A recently-published study found that while internal bleeding may be uncommon as a result of taking blood thinners such as Xarelto® (rivaroxaban) and Eliquis® (apixaban), the normal coagulation tests physicians use to check for the side effect of bleeding may not be reliable.
The study, published online in Annals of Emergency Medicine, found that in cases reported to Poison Centers, the routine labs used to monitor for clotting factors, such as prothrombin time (PT), PTT or INR commonly ordered to help diagnose internal bleeding may be elevated in a minority of cases, but appear unreliable to measure the risk of internal bleeding in patients.
"Blood thinners are helpful drugs and we do not want people to stop taking them," said Henry Spiller, D.ABAT, a co-author of the study, toxicologist, and director of the Central Ohio Poison Center at Nationwide Children's Hospital. "We may need to get better about how we monitor patients on these drugs."
This retrospective study collected data from more than 800 hospitals and eight regional poison centers covering nine states. Of the 223 patients involved in the study, bleeding was reported in only 15 (7 percent), and coagulation tests were normal in most patients with bleeding (PT 83 percent, PTT 83 percent and INR 44 percent).
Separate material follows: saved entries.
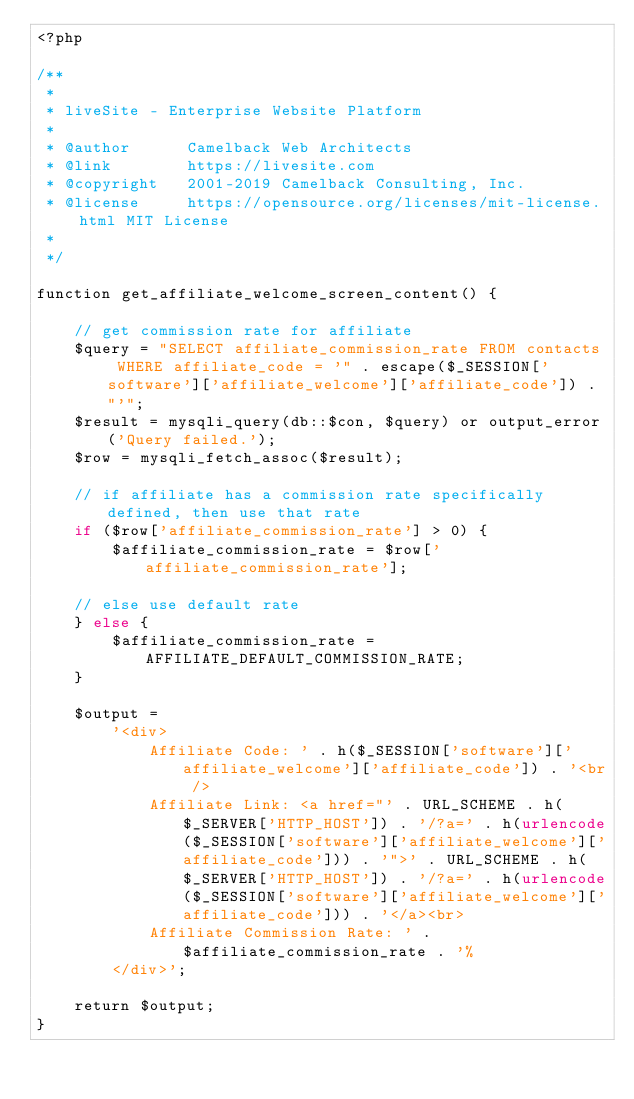Convert code to text. <code><loc_0><loc_0><loc_500><loc_500><_PHP_><?php

/**
 *
 * liveSite - Enterprise Website Platform
 * 
 * @author      Camelback Web Architects
 * @link        https://livesite.com
 * @copyright   2001-2019 Camelback Consulting, Inc.
 * @license     https://opensource.org/licenses/mit-license.html MIT License
 *
 */

function get_affiliate_welcome_screen_content() {

    // get commission rate for affiliate
    $query = "SELECT affiliate_commission_rate FROM contacts WHERE affiliate_code = '" . escape($_SESSION['software']['affiliate_welcome']['affiliate_code']) . "'";
    $result = mysqli_query(db::$con, $query) or output_error('Query failed.');
    $row = mysqli_fetch_assoc($result);
    
    // if affiliate has a commission rate specifically defined, then use that rate
    if ($row['affiliate_commission_rate'] > 0) {
        $affiliate_commission_rate = $row['affiliate_commission_rate'];
        
    // else use default rate
    } else {
        $affiliate_commission_rate = AFFILIATE_DEFAULT_COMMISSION_RATE;
    }
    
    $output =
        '<div>
            Affiliate Code: ' . h($_SESSION['software']['affiliate_welcome']['affiliate_code']) . '<br />
            Affiliate Link: <a href="' . URL_SCHEME . h($_SERVER['HTTP_HOST']) . '/?a=' . h(urlencode($_SESSION['software']['affiliate_welcome']['affiliate_code'])) . '">' . URL_SCHEME . h($_SERVER['HTTP_HOST']) . '/?a=' . h(urlencode($_SESSION['software']['affiliate_welcome']['affiliate_code'])) . '</a><br>
            Affiliate Commission Rate: ' . $affiliate_commission_rate . '%
        </div>';

    return $output;
}</code>

The PT was shown to be elevated in volunteer studies with rivaroxaban and also elevated in massive overdose. However results of the PT after use of blood thinners varied with different components. The effects of medications on the PTT are short lived and varies based on the reagents used. In patients with bleeding, PT and PTT were elevated in 1 of 4 with rivaroxaban and none with apixaban. In the single case with measured serum rivaroxaban concentration, the PT was recorded as 126.3 seconds. Without specific clarification of methodology and reagent use, the PT and PTT may not reliably predict risk of bleeding after rivaroxaban or apixaban ingestion.
The measurement of INR with rivaroxaban has been questioned because the INR does not correct for the variations in the PT based on which reagent was used. The INR was elevated in only 21 percent of patients tested with rivaroxaban and in no patients with apixaban. In patients with bleeding, the INR was elevated in 5 of 8 with rivaroxaban but in none with apixaban. Without specific clarification of methodology and reagent use, the INR may also be an unreliable test after rivaroxaban or apixaban ingestion. The use of activated clotting time also appears to be insensitive after Xa inhibitor use.
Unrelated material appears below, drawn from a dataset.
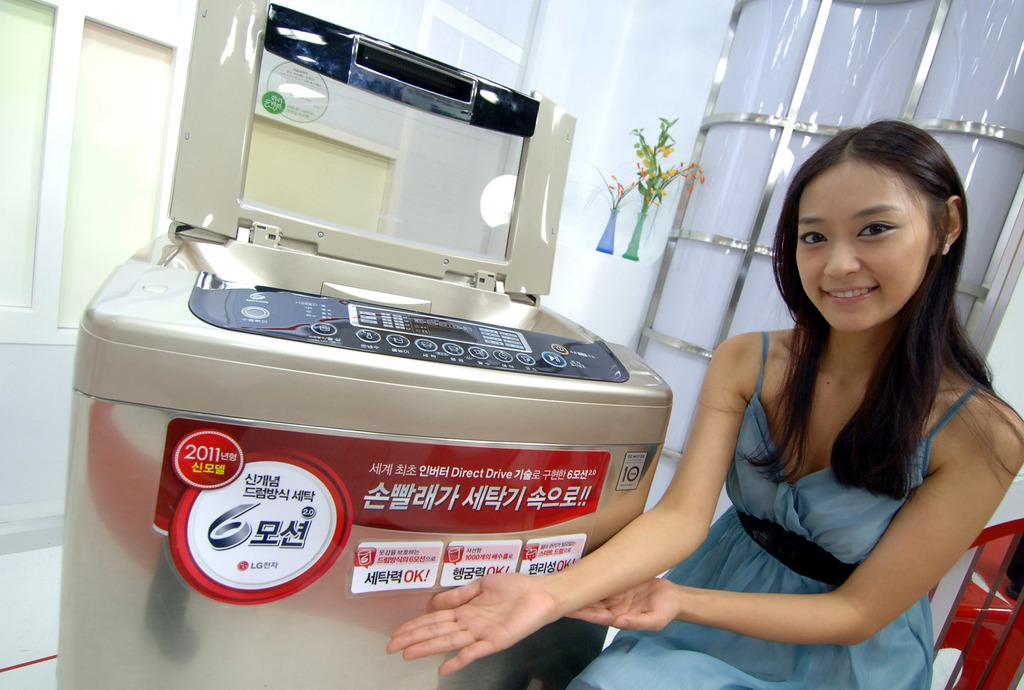<image>
Share a concise interpretation of the image provided. A woman shows off a machine that has stickers saying 2011 and OK! as well as many things in foreign languages on it.

"One way to overcome the variation in these tests is to use anti-factor Xa chromogenic assays to measure Xa plasma concentrations; however these are not widely available," said Spiller. "And a potential drawback with measuring anti-factor Xa concentrations and plasma rivaroxaban and apixaban concentrations is that the turnaround time for results may be too long to guide a treatment plan."